The COMET-L3 experiment on long-term melt–concrete interaction and cooling by surface flooding

Abstract

The COMET-L3 experiment considers the long-term situation of corium/concrete interaction in an anticipated core melt accident of a light water reactor after the metal melt is layered beneath the oxide melt. The experimental focus is on the cavity formation in the basemat and the risk of a long-term basemat penetration by the metallic part of the melt. The experiment investigates the two-dimensional concrete erosion in a cylindrical crucible of 60 cm in diameter fabricated from siliceous concrete in the first phase of the test, and the influence of surface flooding in the second phase.

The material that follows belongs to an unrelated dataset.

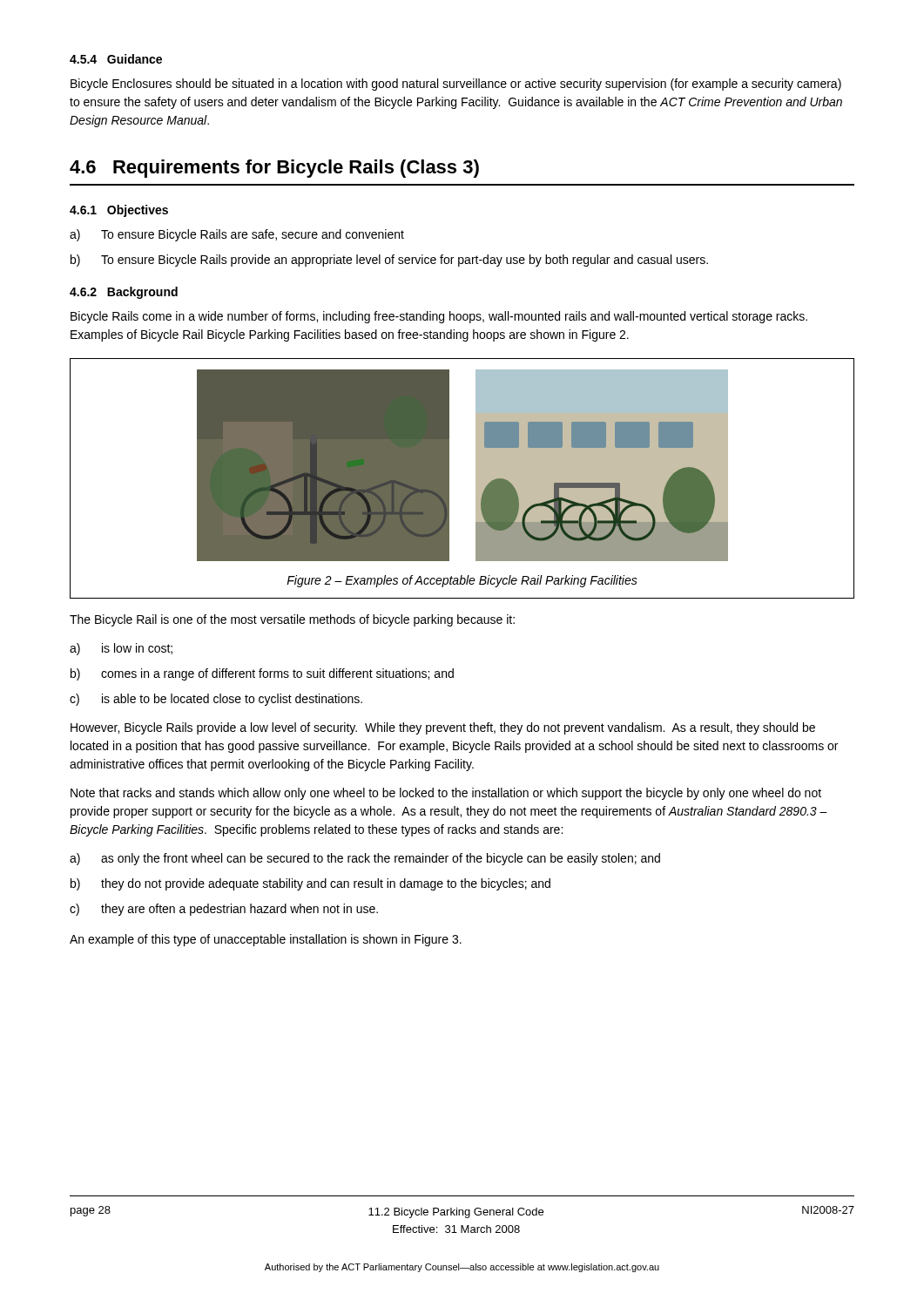Point to the block beginning "Bicycle Rails come in a wide"

[441, 325]

The initial mass of the melt was 425 kg steel and 211 kg oxide. Decay heating in the two-component metal and oxide melt is simulated by sustained induction heating of the metal phase that is overlaid by the oxide melt. In the initial phase of the test, the overheated, highly agitated metal melt causes intense interaction with the concrete, which leads to fast decrease of the initial melt overheat and reduction of the initially high concrete erosion rate. Thereafter, the erosion by the metal melt slows down to about 0.07 mm/s into the axial direction. Lateral erosion is by a factor of 3 smaller. Surface flooding of the melt is initiated at 800 s. Flooding does not lead to strong melt/water interactions and to penetration of water into the melt. Concrete erosion continues with about 0.040 mm/s until the melt reaches the maximum erosion limit of the crucible. Post-test analysis of the solidified melt was performed after the crucible was sectioned. The solidified melt shows no indication of water ingression from the upper surface. Tight surface crusts explain poor heat removal to the flooding water and the ongoing concrete erosion also after the top flooding. Details of the experiment are reported. The experiment shall be used for validation of models and computer codes for safety assessment.